Warnings/errors look like:

[ warn] [engine] failed to flush chunk '1-1625056025.433132869.flb', retry in 257 seconds: task_id=788, input=storage_backlog.2 > output=es.0 (out_id=0)
[error] [output:es:es.0] HTTP status=429 URI=/_bulk, response:
{"error":{"root_cause":[{"type":"es_rejected_execution_exception","reason":"rejected execution of coordinating operation [coordinating_and_primary_bytes=105667381, replica_bytes=0, all_bytes=105667381, coordinating_operation_bytes=2480713, max_coordinating_and_primary_bytes=107374182]"}]
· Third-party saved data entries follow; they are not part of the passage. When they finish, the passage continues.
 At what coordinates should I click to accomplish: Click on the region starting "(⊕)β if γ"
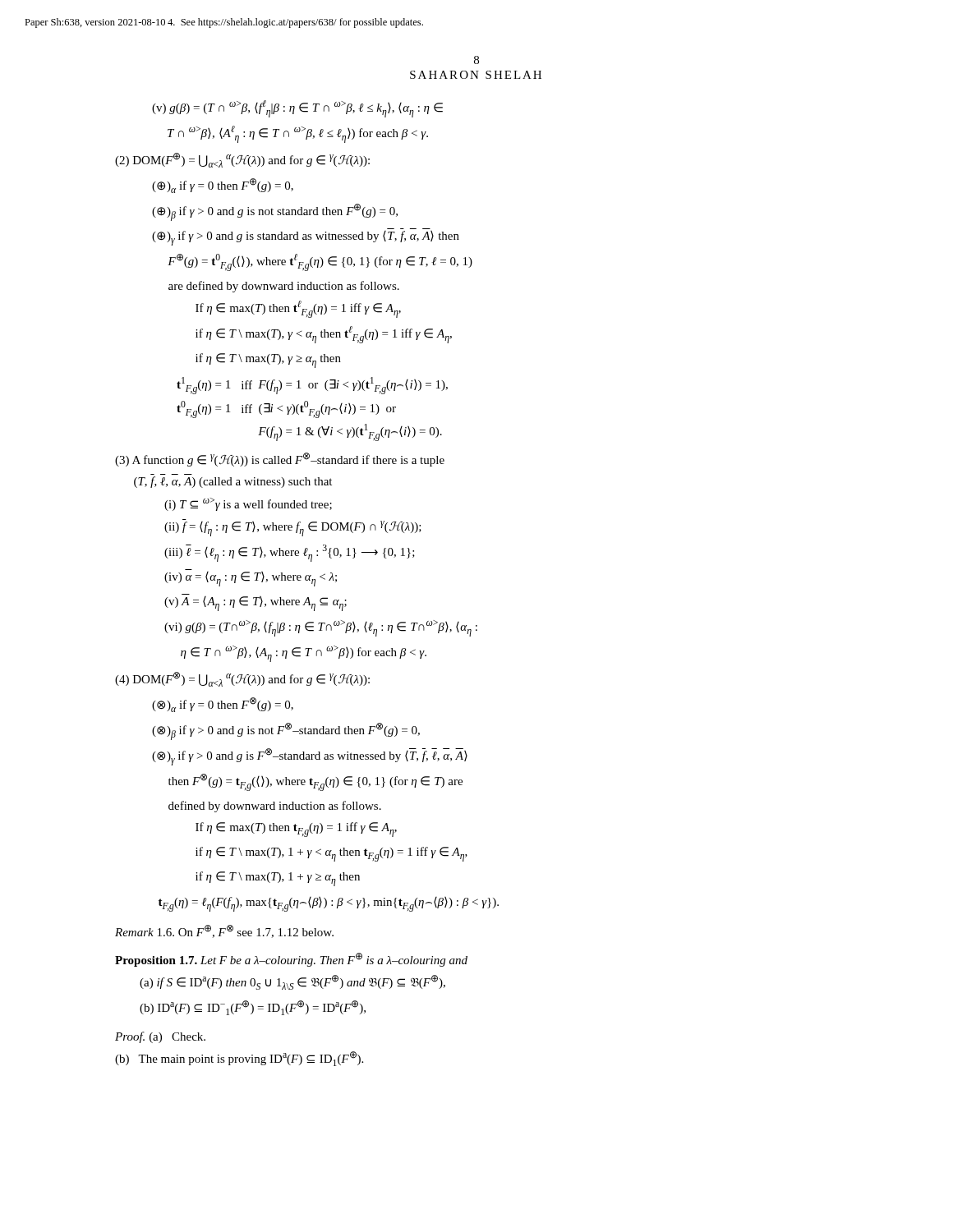(x=275, y=212)
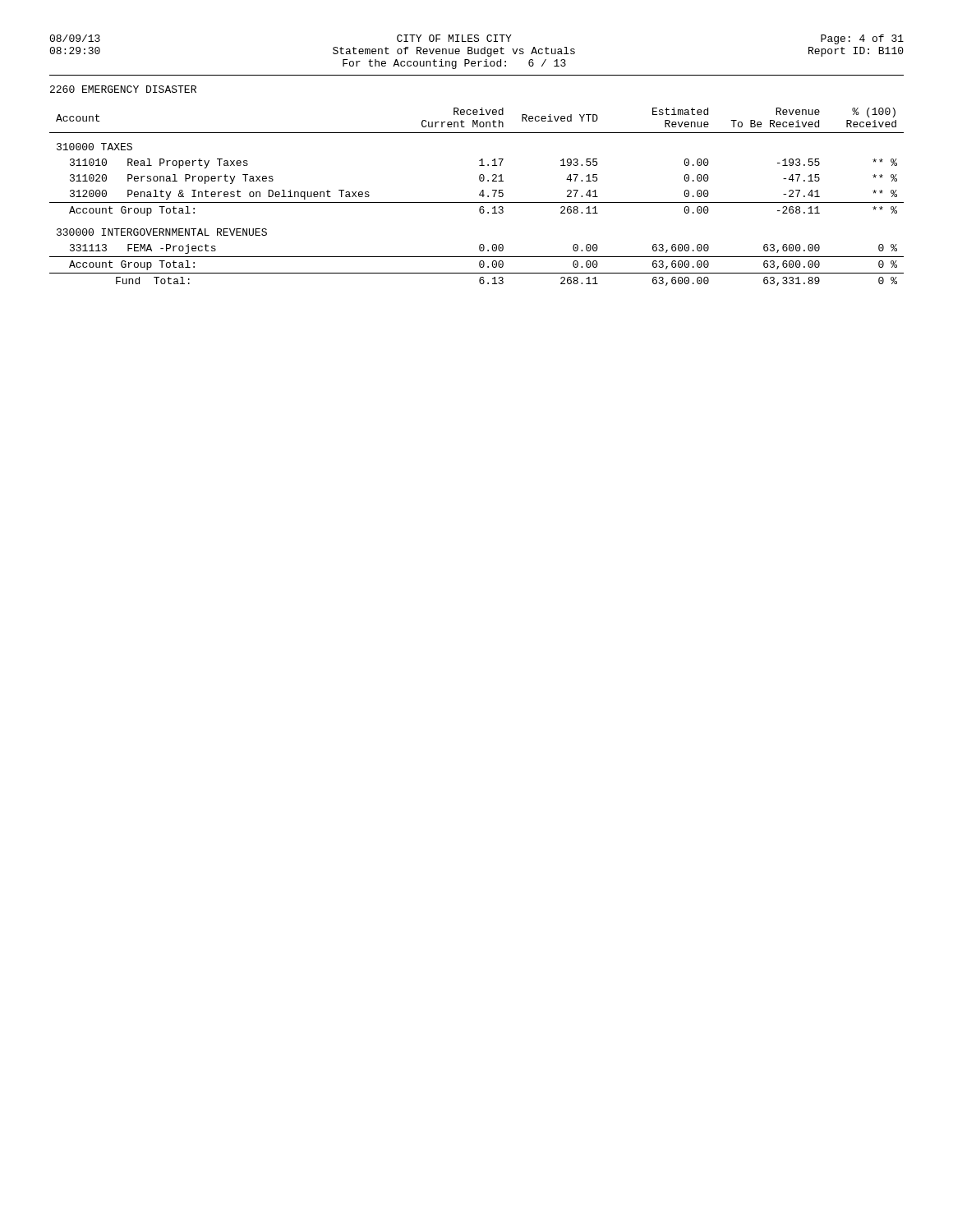Locate the text "2260 EMERGENCY DISASTER"
The image size is (953, 1232).
tap(123, 90)
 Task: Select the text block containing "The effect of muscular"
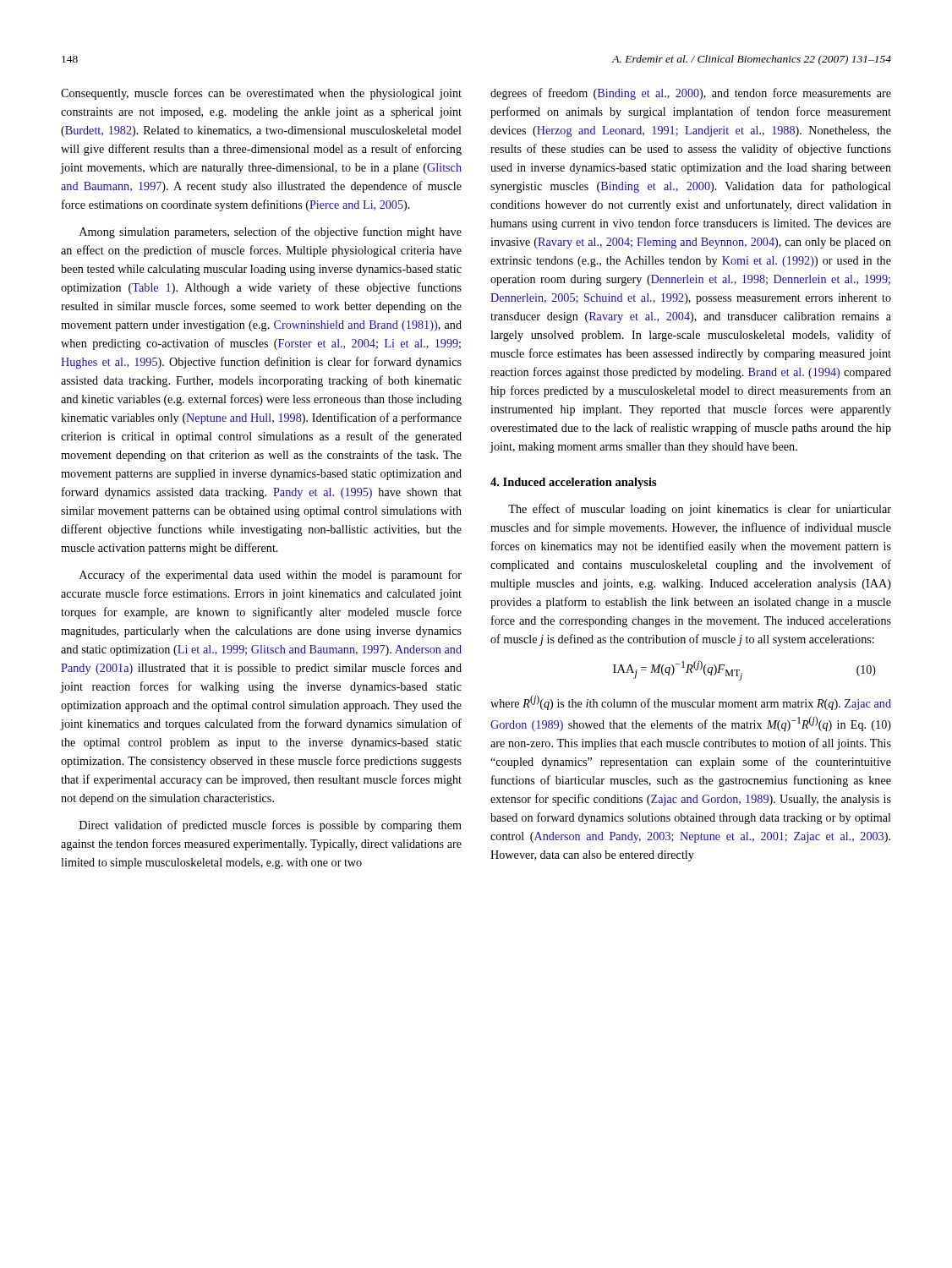tap(691, 574)
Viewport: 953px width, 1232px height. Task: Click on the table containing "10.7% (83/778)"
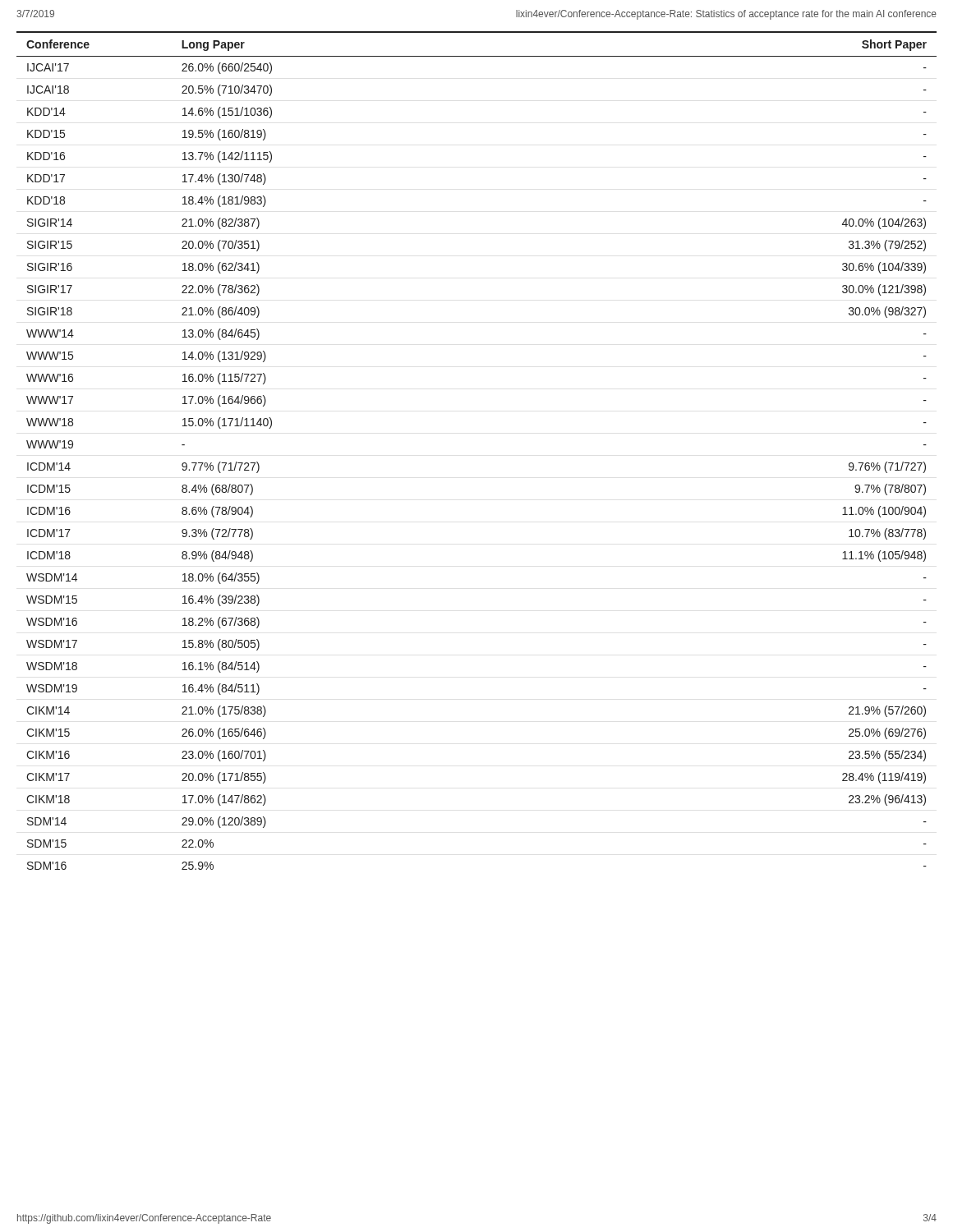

Fix involves increasing resource.requests, resource.limits, and heap for Elasticsearch data pods:

elasticsearchKibana:
  values:
    elasticsearch:
      data:
        resources:
          requests:
            cpu: 2
            memory: 10Gi
          limits:
            cpu: 3
            memory: 14Gi
        heap:
          min: 4g
          max: 4g

Error: Cannot Increase Buffer📜

In a heavily utilized production cluster, an intermittent warning that the buffer could not be increased may appear:

[ warn] [http_client] cannot increase buffer: current=32000 requested=64768 max=32000

Fix involves increasing the Buffer_Size within the Kubernetes Filter in fluentbit/chart/values.yaml:

fluentbit:
  values:
    config:
      filters: |
        [FILTER]
            Name kubernetes
            Match kube.*
            Kube_CA_File /var/run/secrets/kubernetes.io/serviceaccount/ca.crt
            Kube_Token_File /var/run/secrets/kubernetes.io/serviceaccount/token
            Merge_Log On
            Merge_Log_Key log_processed
            K8S-Logging.Parser On
            K8S-Logging.Exclude Off
            Buffer_Size 1M

Yellow ES Health Status and Unassigned Shards📜

To check cluster health:

kubectl get elasticsearch -A

To view the status of shards:

curl -XGET -H 'Content-Type: application/json' -ku "elastic:$(kubectl get secrets -n logging logging-ek-es-elastic-user -o go-template='{{.data.elastic | base64decode}}')" "https://localhost:9200/_cat/shards?h=index,shard,prirep,state,unassigned.reason"

To fix:

kubectl port-forward svc/logging-ek-es-http -n logging 9200:9200

curl -XPUT -H 'Content-Type: application/json' -ku "elastic:$(kubectl get secrets -n logging logging-ek-es-elastic-user -o go-template='{{.data.elastic | base64decode}}')" "https://localhost:9200/_cluster/settings" -d '{ "index.routing.allocation.disable_allocation": false }'

curl -XPUT -H 'Content-Type: application/json' -ku "elastic:$(kubectl get secrets -n logging logging-ek-es-elastic-user -o go-template='{{.data.elastic | base64decode}}')" "https://localhost:9200/_cluster/settings" -d '{ "transient" : { "cluster.routing.allocation.enable" : "all" } }'

CPU/Memory Limits and Heap📜

CPU/Memory limits and heap must be configured with sufficient resources, with heap min and max equal:

elasticsearchKibana:
  values:
    elasticsearch:
      master:
        resources:
          limits:
            cpu: 1
            memory: 4Gi
          requests:
            cpu: 1
            memory: 4Gi
        heap:
          min: 2g
          max: 2g

Crash Due to Low Map Count📜

vm.max_map_count must be set or Elasticsearch will crash due to default OS limits being too low. Must be set as root in /etc/sysctl.conf and verified by running sysctl vm.max_map_count. Automatically set in k3d-dev.sh.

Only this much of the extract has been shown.